Bonnie and Clyde is based on the real-life bank robbing lovers of the title, who gripped American imaginations with their antics during the Great Depression. This film featured envelope-pushing levels of sex and violence that caused quite a stir on its release. Warren Beatty and Faye Dunaway’s charismatic performances as the titular couple build plenty of sympathy prior to the film’s brutal and tragic final scene.
Alfred Hitchcock was the cinematic master of taut mental manipulation, and Vertigo is his most chilling and haunting film. James Stewart stars as Scottie, a police officer who develops a severe fear of heights after witnessing his friend and partner fall from a rooftop to his death. Scottie’s mental anguish only grows when his fear of heights prevents him from saving the life of his friend’s wife, Madeleine (Kim Novak). The film grows even more chilling as Scottie develops a dangerous and bizarre obsession with Judy Barton (also Novak), a woman he tries to mould into Madeleine’s image.

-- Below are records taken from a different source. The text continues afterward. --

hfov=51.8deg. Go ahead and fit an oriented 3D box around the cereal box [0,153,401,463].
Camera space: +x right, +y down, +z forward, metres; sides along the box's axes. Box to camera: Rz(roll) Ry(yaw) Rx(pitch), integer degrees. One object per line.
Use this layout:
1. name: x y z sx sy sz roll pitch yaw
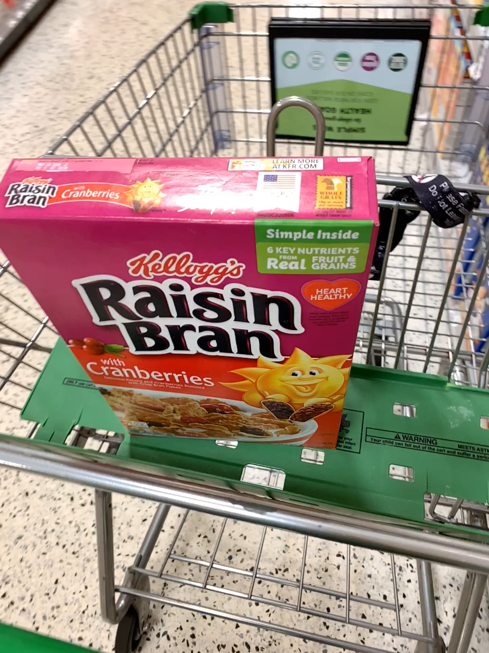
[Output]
1. cereal box: -0.019 0.020 0.389 0.210 0.327 0.050 3 57 7
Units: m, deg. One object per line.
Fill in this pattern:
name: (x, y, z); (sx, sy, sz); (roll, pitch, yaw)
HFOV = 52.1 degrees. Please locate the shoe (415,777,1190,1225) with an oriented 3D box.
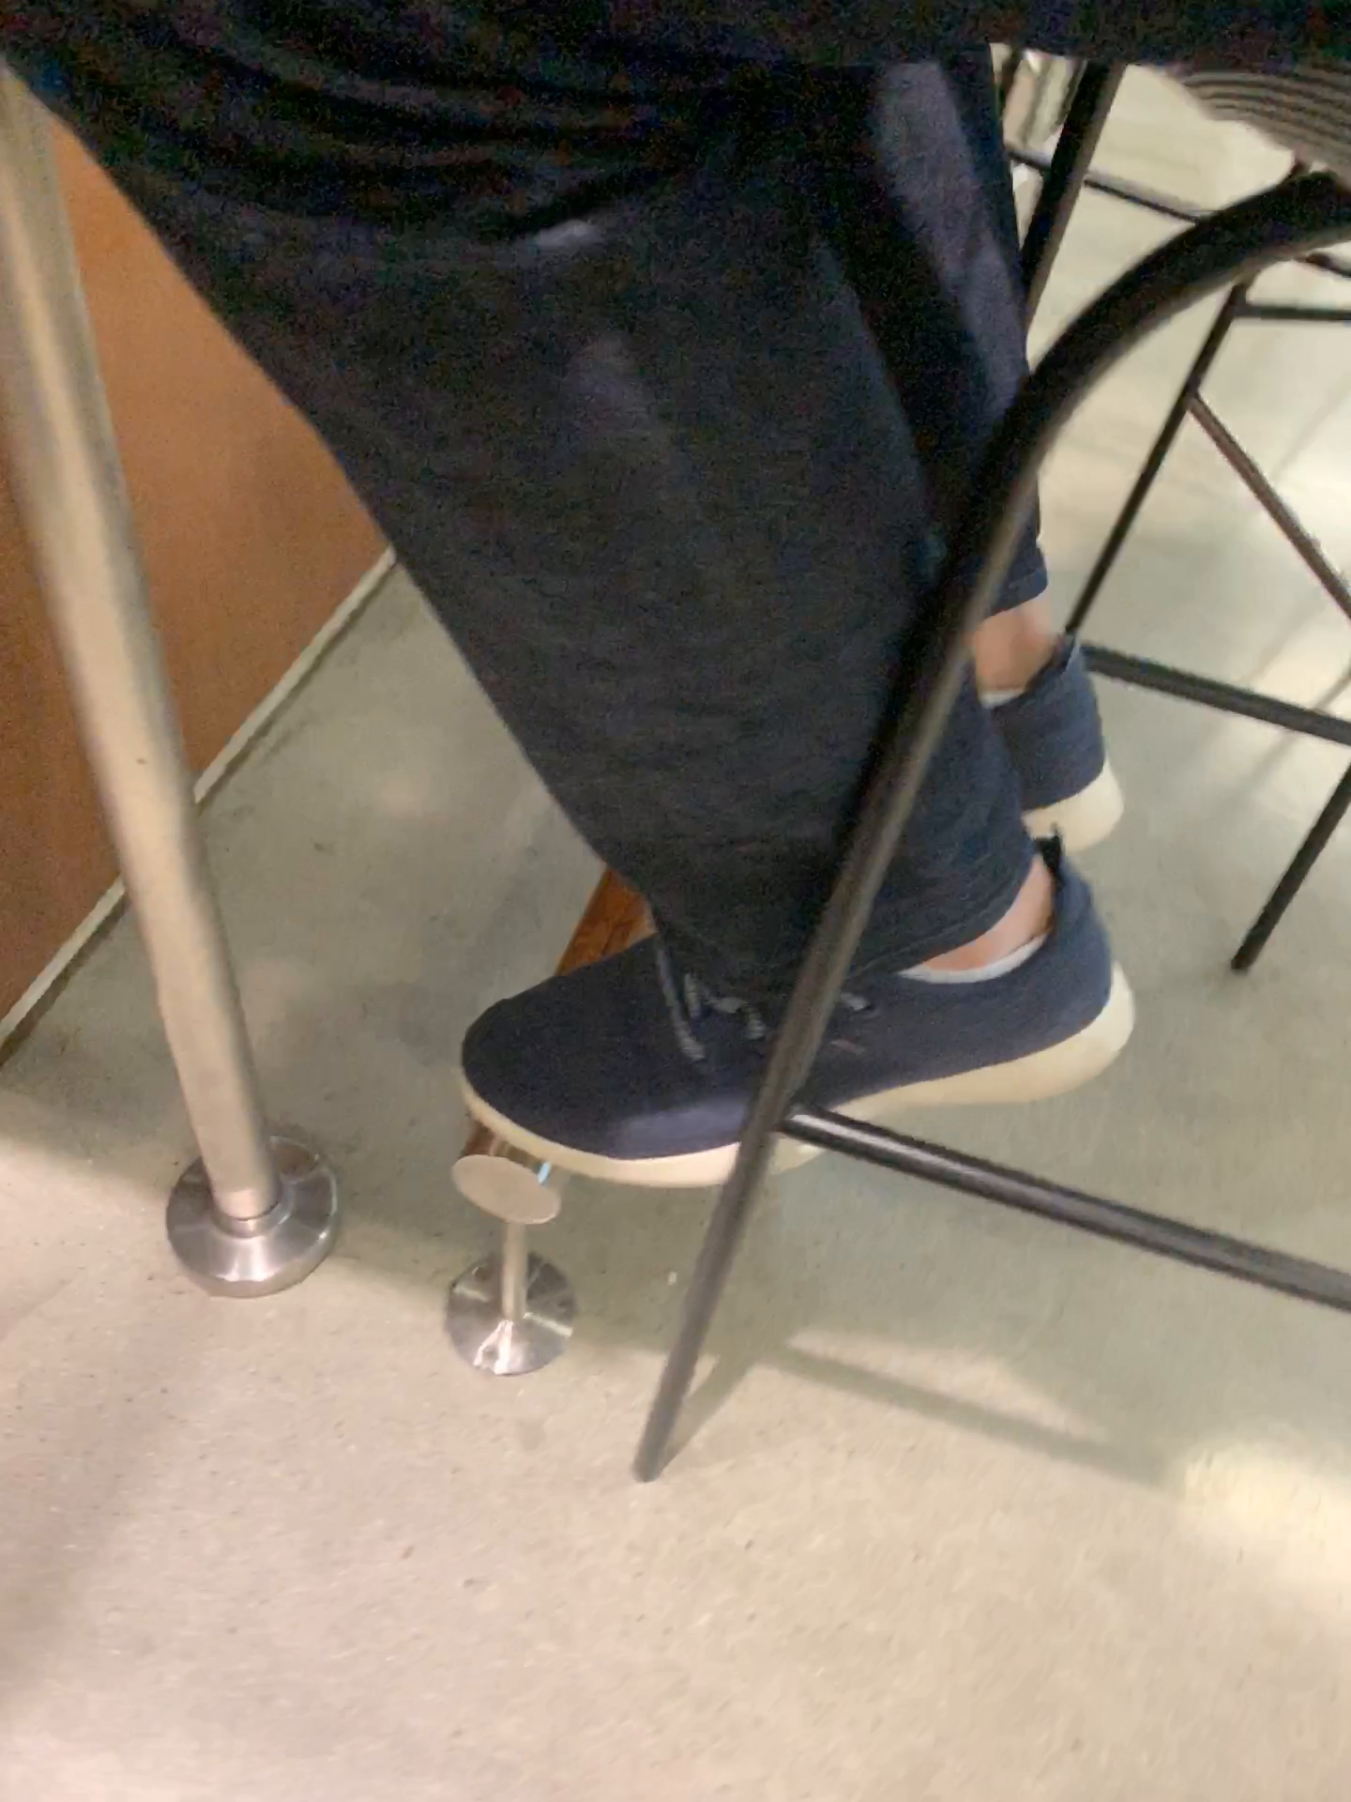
shoe: (0.048, 0.043, 0.606); (0.299, 0.093, 0.124); (-8, 45, 2)

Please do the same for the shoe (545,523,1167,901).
shoe: (0.093, -0.115, 0.760); (0.300, 0.093, 0.129); (18, 43, 26)
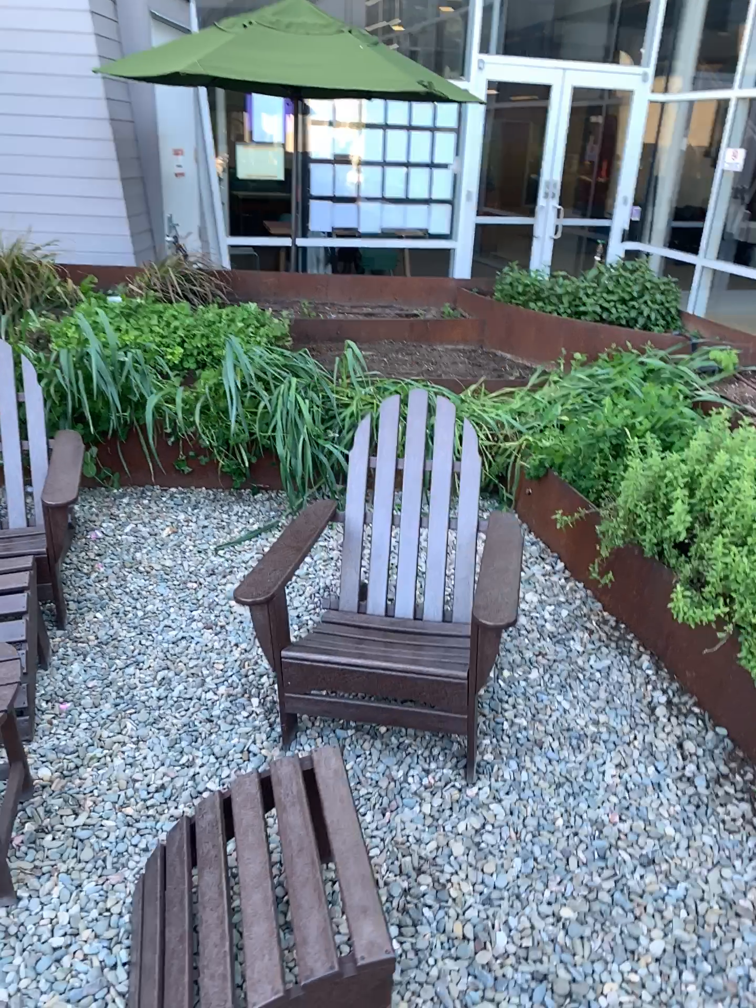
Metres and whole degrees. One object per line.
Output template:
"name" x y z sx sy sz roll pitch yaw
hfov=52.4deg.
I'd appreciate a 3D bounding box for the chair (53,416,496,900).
"chair" -0.275 0.401 2.613 1.001 0.995 1.004 13 27 21

Rush-released to coincide with the Allied invasion of the titular Moroccan capital, this World War 2 classic stars Humphrey Bogart as Rick Blaine, a man torn between his attraction to the beautiful Isla (Ingrid Bergman) and his desire to help her resistance fighter husband escape Casablanca to continue his fight against the Nazis. With the beauty of Morocco, and the ugliness of global warfare as its backdrop, Casablanca has proved one of the most iconic romances ever committed to celluloid.
This Civil War epic takes its plot from a novel that many considered un-filmable. Filming it did, indeed, prove difficult, with the producers tearing through a number of directors and screenwriters to get the film made. Despite this, Gone with the Wind blew audiences away and has become a much-loved classic. The success of the film largely hinges upon the bristling, explosive relationship between Scarlett (Vivien Leigh) and Rhett (Clark Gable). These two icons of American cinema battle and smolder across almost four hours of film, all building towards the infamously heartbreaking moment when Rhett tells Scarlett that, frankly, he couldn’t give a damn.